- _YOUR TASK_
Here are some entries. Repeat all of them exactly.

- _DATA FOR THE TASK_
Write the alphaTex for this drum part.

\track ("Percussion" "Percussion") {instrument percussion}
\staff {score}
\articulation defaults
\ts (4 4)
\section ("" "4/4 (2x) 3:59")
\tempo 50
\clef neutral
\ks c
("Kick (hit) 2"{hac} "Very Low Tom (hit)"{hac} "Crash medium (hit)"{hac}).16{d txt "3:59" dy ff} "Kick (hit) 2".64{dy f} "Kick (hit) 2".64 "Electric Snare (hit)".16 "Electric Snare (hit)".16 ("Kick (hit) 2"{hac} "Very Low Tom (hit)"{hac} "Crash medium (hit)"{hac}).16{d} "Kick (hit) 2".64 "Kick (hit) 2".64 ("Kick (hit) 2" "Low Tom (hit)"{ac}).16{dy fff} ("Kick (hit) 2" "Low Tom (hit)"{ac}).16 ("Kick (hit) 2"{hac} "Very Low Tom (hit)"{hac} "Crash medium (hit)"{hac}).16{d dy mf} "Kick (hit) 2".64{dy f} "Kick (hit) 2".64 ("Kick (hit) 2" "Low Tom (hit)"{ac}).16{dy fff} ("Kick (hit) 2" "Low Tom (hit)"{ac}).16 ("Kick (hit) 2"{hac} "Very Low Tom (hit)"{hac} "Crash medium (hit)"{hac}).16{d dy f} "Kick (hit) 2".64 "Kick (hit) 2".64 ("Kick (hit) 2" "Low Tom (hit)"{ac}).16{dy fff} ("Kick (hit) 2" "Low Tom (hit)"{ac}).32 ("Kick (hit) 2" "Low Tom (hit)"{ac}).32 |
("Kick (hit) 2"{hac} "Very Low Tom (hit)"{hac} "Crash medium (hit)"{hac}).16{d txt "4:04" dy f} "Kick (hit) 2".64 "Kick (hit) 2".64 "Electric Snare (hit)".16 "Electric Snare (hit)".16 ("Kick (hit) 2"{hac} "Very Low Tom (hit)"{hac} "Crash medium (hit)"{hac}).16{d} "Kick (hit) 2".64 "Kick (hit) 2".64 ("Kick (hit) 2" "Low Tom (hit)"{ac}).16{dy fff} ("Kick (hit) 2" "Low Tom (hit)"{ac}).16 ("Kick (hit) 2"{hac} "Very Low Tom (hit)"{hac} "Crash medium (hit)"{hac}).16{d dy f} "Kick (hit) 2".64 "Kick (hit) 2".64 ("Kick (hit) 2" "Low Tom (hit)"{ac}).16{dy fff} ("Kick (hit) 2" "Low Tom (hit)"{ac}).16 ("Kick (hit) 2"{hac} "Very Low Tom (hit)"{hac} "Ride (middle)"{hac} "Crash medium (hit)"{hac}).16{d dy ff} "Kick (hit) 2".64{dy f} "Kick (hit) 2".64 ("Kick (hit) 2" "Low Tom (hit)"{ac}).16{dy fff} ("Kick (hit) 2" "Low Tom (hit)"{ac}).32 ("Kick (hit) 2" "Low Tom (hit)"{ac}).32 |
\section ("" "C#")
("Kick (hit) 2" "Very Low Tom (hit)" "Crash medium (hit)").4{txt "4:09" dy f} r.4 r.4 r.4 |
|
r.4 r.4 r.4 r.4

- _RESPONSE TO THE TASK_
Write the alphaTex for this drum part.

\track ("Percussion" "Percussion") {instrument percussion}
\staff {score}
\articulation defaults
\ts (4 4)
\section ("" "4/4 (2x) 3:59")
\tempo 50
\clef neutral
\ks c
("Kick (hit) 2"{hac} "Very Low Tom (hit)"{hac} "Crash medium (hit)"{hac}).16{d txt "3:59" dy ff} "Kick (hit) 2".64{dy f} "Kick (hit) 2".64 "Electric Snare (hit)".16 "Electric Snare (hit)".16 ("Kick (hit) 2"{hac} "Very Low Tom (hit)"{hac} "Crash medium (hit)"{hac}).16{d} "Kick (hit) 2".64 "Kick (hit) 2".64 ("Kick (hit) 2" "Low Tom (hit)"{ac}).16{dy fff} ("Kick (hit) 2" "Low Tom (hit)"{ac}).16 ("Kick (hit) 2"{hac} "Very Low Tom (hit)"{hac} "Crash medium (hit)"{hac}).16{d dy mf} "Kick (hit) 2".64{dy f} "Kick (hit) 2".64 ("Kick (hit) 2" "Low Tom (hit)"{ac}).16{dy fff} ("Kick (hit) 2" "Low Tom (hit)"{ac}).16 ("Kick (hit) 2"{hac} "Very Low Tom (hit)"{hac} "Crash medium (hit)"{hac}).16{d dy f} "Kick (hit) 2".64 "Kick (hit) 2".64 ("Kick (hit) 2" "Low Tom (hit)"{ac}).16{dy fff} ("Kick (hit) 2" "Low Tom (hit)"{ac}).32 ("Kick (hit) 2" "Low Tom (hit)"{ac}).32 |
("Kick (hit) 2"{hac} "Very Low Tom (hit)"{hac} "Crash medium (hit)"{hac}).16{d txt "4:04" dy f} "Kick (hit) 2".64 "Kick (hit) 2".64 "Electric Snare (hit)".16 "Electric Snare (hit)".16 ("Kick (hit) 2"{hac} "Very Low Tom (hit)"{hac} "Crash medium (hit)"{hac}).16{d} "Kick (hit) 2".64 "Kick (hit) 2".64 ("Kick (hit) 2" "Low Tom (hit)"{ac}).16{dy fff} ("Kick (hit) 2" "Low Tom (hit)"{ac}).16 ("Kick (hit) 2"{hac} "Very Low Tom (hit)"{hac} "Crash medium (hit)"{hac}).16{d dy f} "Kick (hit) 2".64 "Kick (hit) 2".64 ("Kick (hit) 2" "Low Tom (hit)"{ac}).16{dy fff} ("Kick (hit) 2" "Low Tom (hit)"{ac}).16 ("Kick (hit) 2"{hac} "Very Low Tom (hit)"{hac} "Ride (middle)"{hac} "Crash medium (hit)"{hac}).16{d dy ff} "Kick (hit) 2".64{dy f} "Kick (hit) 2".64 ("Kick (hit) 2" "Low Tom (hit)"{ac}).16{dy fff} ("Kick (hit) 2" "Low Tom (hit)"{ac}).32 ("Kick (hit) 2" "Low Tom (hit)"{ac}).32 |
\section ("" "C#")
("Kick (hit) 2" "Very Low Tom (hit)" "Crash medium (hit)").4{txt "4:09" dy f} r.4 r.4 r.4 |
|
r.4 r.4 r.4 r.4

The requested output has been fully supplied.